Старая дорога, соединяющая Каракас с аэропортом Майкетия и портом Ла-Гуайра, по-прежнему сохранилась. Но Перес Хименес построил чудесную автостраду, замечательное сооружение с технической точки зрения. Теперь от города до моря можно было промчаться менее чем за четверть часа, а раньше поездка занимала целых два. В квартале Силенсио под руководством архитектора Медины взметнулся в небо комплекс высоченных зданий не хуже небоскребов Нью-Йорка. Через центр города, от одного конца до другого, проложили сногсшибательный проспект в шесть полос, не говоря уже о том, что вся сеть шоссейных дорог была полностью реконструирована и модернизирована. Возведены жилые кварталы для рабочих и среднего класса, что, по сути, явилось образцом градостроительства, и многое-многое другое. Миллионы долларов закружились в шумном вальсе, пробудив страну от многовековой спячки и наполнив ее мощной живой энергией. На Венесуэлу стали смотреть другими глазами, в страну хлынул иностранный капитал и поток специалистов всех профессий.

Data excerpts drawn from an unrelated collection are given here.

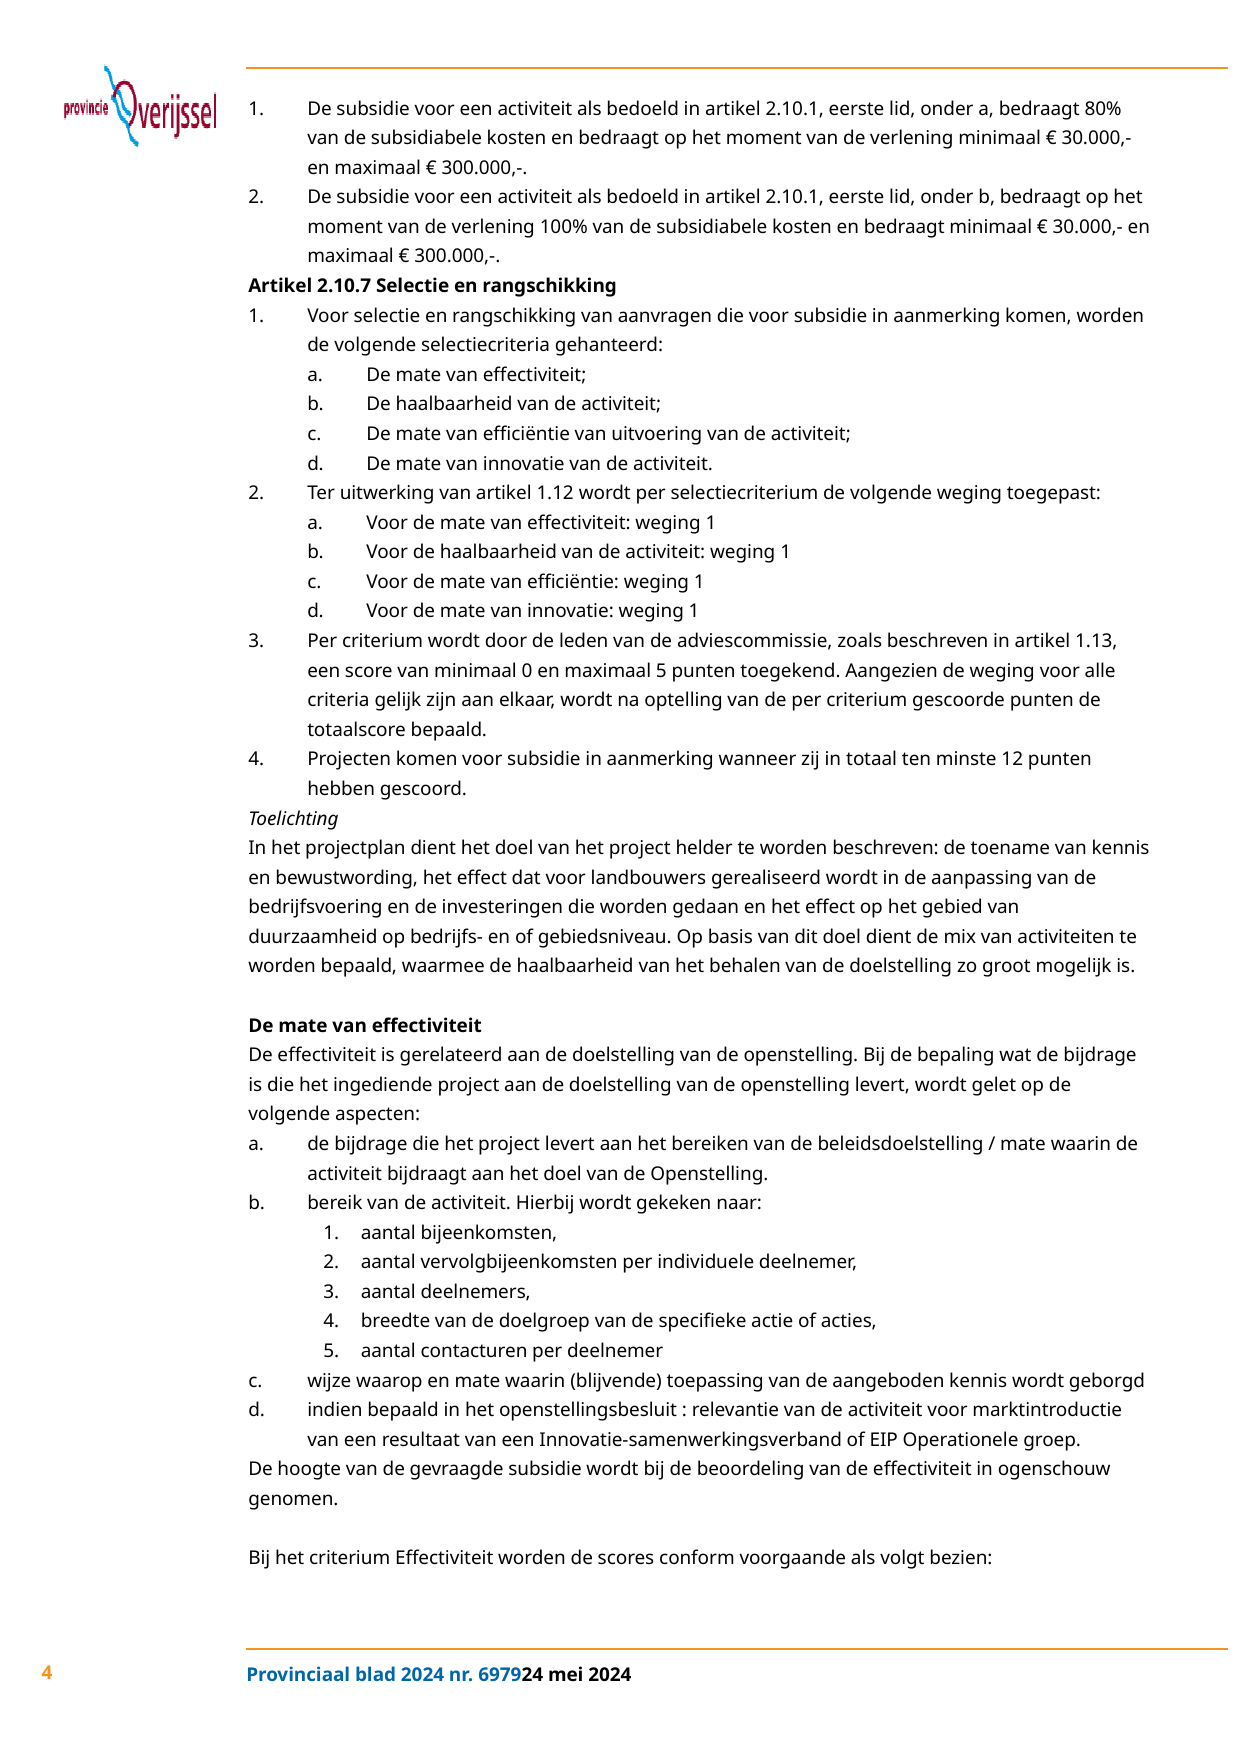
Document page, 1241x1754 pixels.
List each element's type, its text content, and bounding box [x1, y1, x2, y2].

text Artikel 2.10.7 Selectie en rangschikking [248, 272, 1152, 298]
list De mate van effectiviteit; [307, 361, 1152, 387]
list indien bepaald in het openstellingsbesluit : relevantie van de activiteit voor marktintroductie van een resultaat van een Innovatie-samenwerkingsverband of EIP Operationele groep. [248, 1396, 1152, 1452]
list wijze waarop en mate waarin (blijvende) toepassing van de aangeboden kennis wordt geborgd [248, 1367, 1152, 1393]
list Per criterium wordt door de leden van de adviescommissie, zoals beschreven in artikel 1.13, een score van minimaal 0 en maximaal 5 punten toegekend. Aangezien de weging voor alle criteria gelijk zijn aan elkaar, wordt na optelling van de per criterium gescoorde punten de totaalscore bepaald. [248, 627, 1152, 742]
text De hoogte van de gevraagde subsidie wordt bij de beoordeling van de effectiviteit in ogenschouw genomen. [248, 1456, 1152, 1511]
list De haalbaarheid van de activiteit; [307, 391, 1152, 416]
list aantal deelnemers, [323, 1278, 1152, 1304]
list Voor de mate van effectiviteit: weging 1 [307, 509, 1152, 535]
list Voor de mate van efficiëntie: weging 1 [307, 568, 1152, 594]
list De mate van efficiëntie van uitvoering van de activiteit; [307, 420, 1152, 446]
picture [41, 47, 231, 172]
list aantal vervolgbijeenkomsten per individuele deelnemer, [323, 1248, 1152, 1274]
list de bijdrage die het project levert aan het bereiken van de beleidsdoelstelling / mate waarin de activiteit bijdraagt aan het doel van de Openstelling. [248, 1130, 1152, 1186]
list De subsidie voor een activiteit als bedoeld in artikel 2.10.1, eerste lid, onder a, bedraagt 80% van de subsidiabele kosten en bedraagt op het moment van de verlening minimaal € 30.000,- en maximaal € 300.000,-. [248, 95, 1152, 180]
list Voor de mate van innovatie: weging 1 [307, 598, 1152, 623]
list De subsidie voor een activiteit als bedoeld in artikel 2.10.1, eerste lid, onder b, bedraagt op het moment van de verlening 100% van de subsidiabele kosten en bedraagt minimaal € 30.000,- en maximaal € 300.000,-. [248, 183, 1152, 268]
list Ter uitwerking van artikel 1.12 wordt per selectiecriterium de volgende weging toegepast: [248, 479, 1152, 505]
text Toelichting [248, 805, 1152, 831]
list aantal bijeenkomsten, [323, 1219, 1152, 1245]
text De effectiviteit is gerelateerd aan de doelstelling van de openstelling. Bij de bepaling wat de bijdrage is die het ingediende project aan de doelstelling van de openstelling levert, wordt gelet op de volgende aspecten: [248, 1041, 1152, 1126]
list aantal contacturen per deelnemer [323, 1337, 1152, 1363]
list Voor selectie en rangschikking van aanvragen die voor subsidie in aanmerking komen, worden de volgende selectiecriteria gehanteerd: [248, 302, 1152, 357]
list bereik van de activiteit. Hierbij wordt gekeken naar: [248, 1189, 1152, 1215]
text Bij het criterium Effectiviteit worden de scores conform voorgaande als volgt bezien: [248, 1544, 1152, 1570]
list breedte van de doelgroep van de specifieke actie of acties, [323, 1308, 1152, 1333]
list Voor de haalbaarheid van de activiteit: weging 1 [307, 538, 1152, 564]
text De mate van effectiviteit [248, 1012, 1152, 1038]
list Projecten komen voor subsidie in aanmerking wanneer zij in totaal ten minste 12 punten hebben gescoord. [248, 746, 1152, 801]
list De mate van innovatie van de activiteit. [307, 450, 1152, 476]
text In het projectplan dient het doel van het project helder te worden beschreven: de toename van kennis en bewustwording, het effect dat voor landbouwers gerealiseerd wordt in de aanpassing van de bedrijfsvoering en de investeringen die worden gedaan en het effect op het gebied van duurzaamheid op bedrijfs- en of gebiedsniveau. Op basis van dit doel dient de mix van activiteiten te worden bepaald, waarmee de haalbaarheid van het behalen van de doelstelling zo groot mogelijk is. [248, 834, 1152, 978]
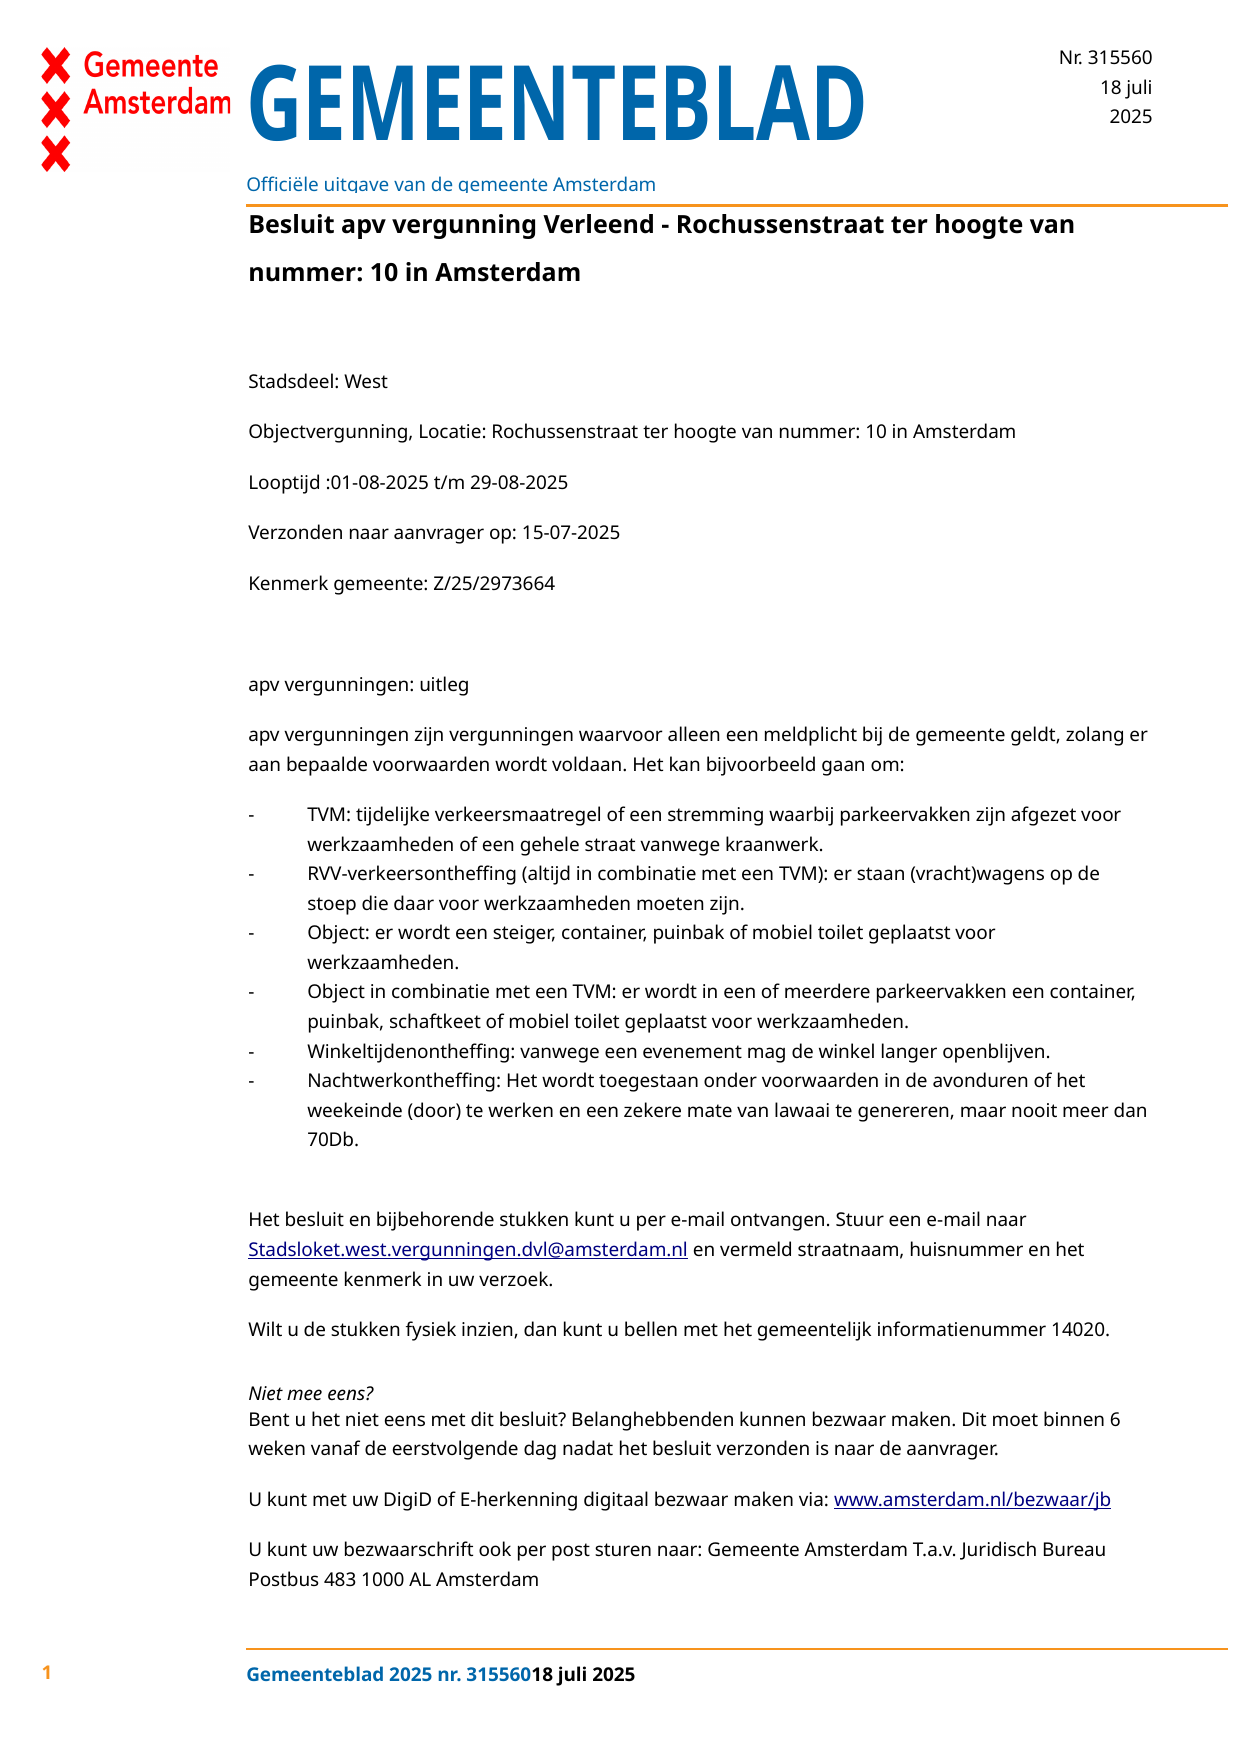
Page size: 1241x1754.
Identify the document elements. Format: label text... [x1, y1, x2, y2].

text Objectvergunning, Locatie: Rochussenstraat ter hoogte van nummer: 10 in Amsterdam [248, 419, 1152, 444]
text Besluit apv vergunning Verleend - Rochussenstraat ter hoogte van nummer: 10 in Amsterdam [248, 207, 1152, 288]
text Stadsdeel: West [248, 368, 1152, 394]
list Nachtwerkontheffing: Het wordt toegestaan onder voorwaarden in de avonduren of het weekeinde (door) te werken en een zekere mate van lawaai te genereren, maar nooit meer dan 70Db. [248, 1067, 1152, 1152]
picture [41, 47, 231, 172]
text apv vergunningen zijn vergunningen waarvoor alleen een meldplicht bij de gemeente geldt, zolang er aan bepaalde voorwaarden wordt voldaan. Het kan bijvoorbeeld gaan om: [248, 721, 1152, 777]
list Winkeltijdenontheffing: vanwege een evenement mag de winkel langer openblijven. [248, 1038, 1152, 1064]
text Verzonden naar aanvrager op: 15-07-2025 [248, 519, 1152, 545]
text Het besluit en bijbehorende stukken kunt u per e-mail ontvangen. Stuur een e-mail naar Stadsloket.west.vergunningen.dvl@amsterdam.nl en vermeld straatnaam, huisnummer en het gemeente kenmerk in uw verzoek. [248, 1207, 1152, 1292]
text Kenmerk gemeente: Z/25/2973664 [248, 570, 1152, 596]
list TVM: tijdelijke verkeersmaatregel of een stremming waarbij parkeervakken zijn afgezet voor werkzaamheden of een gehele straat vanwege kraanwerk. [248, 801, 1152, 857]
text Niet mee eens? [248, 1380, 1152, 1406]
text apv vergunningen: uitleg [248, 671, 1152, 697]
text U kunt uw bezwaarschrift ook per post sturen naar: Gemeente Amsterdam T.a.v. Juridisch Bureau Postbus 483 1000 AL Amsterdam [248, 1536, 1152, 1592]
list RVV-verkeersontheffing (altijd in combinatie met een TVM): er staan (vracht)wagens op de stoep die daar voor werkzaamheden moeten zijn. [248, 860, 1152, 916]
text Wilt u de stukken fysiek inzien, dan kunt u bellen met het gemeentelijk informatienummer 14020. [248, 1316, 1152, 1342]
list Object in combinatie met een TVM: er wordt in een of meerdere parkeervakken een container, puinbak, schaftkeet of mobiel toilet geplaatst voor werkzaamheden. [248, 979, 1152, 1034]
text Looptijd :01-08-2025 t/m 29-08-2025 [248, 469, 1152, 495]
text U kunt met uw DigiD of E-herkenning digitaal bezwaar maken via: www.amsterdam.nl/bezwaar/jb [248, 1486, 1152, 1512]
text Bent u het niet eens met dit besluit? Belanghebbenden kunnen bezwaar maken. Dit moet binnen 6 weken vanaf de eerstvolgende dag nadat het besluit verzonden is naar de aanvrager. [248, 1406, 1152, 1461]
list Object: er wordt een steiger, container, puinbak of mobiel toilet geplaatst voor werkzaamheden. [248, 919, 1152, 975]

Жизнь совершенно преобразилась, широко распахнулись ворота для иммиграции, приток новой крови задал положительный импульс в развитии страны. На мой взгляд, была допущена лишь одна серьезная ошибка: власти практически не воспользовались наплывом высококлассных иностранных специалистов, чтобы воспитать из молодежи своих инженеров, техников и квалифицированных рабочих.
Остановка в Каракасе позволила мне восстановить связи с друзьями и попытаться выяснить, что стало с Пиколино. Все последние годы я регулярно передавал ему кое-какие деньги через знакомых. Я встретился с одним приятелем, который в тысяча девятьсот пятьдесят втором году вручил от меня Пиколино небольшую сумму. Тогда Пиколино сам попросил у меня денег: он хотел перебраться в Ла-Гуайру, поближе к морю. Я не раз предлагал ему переехать ко мне в Маракайбо, и каждый раз он отвечал, что только в Каракасе есть врачи, которые могут ему помочь. Кажется, у него частично восстановилась речь и заработала правая рука. Но сейчас никто не знал, что с ним стало. Как-то раз его видели в Ла-Гуайре, но потом он словно растворился. Вполне возможно, что Пиколино сел на корабль и уехал во Францию. Как знать! Я все время ругал себя, что не съездил в Каракас и не уговорил его переехать в Маракайбо.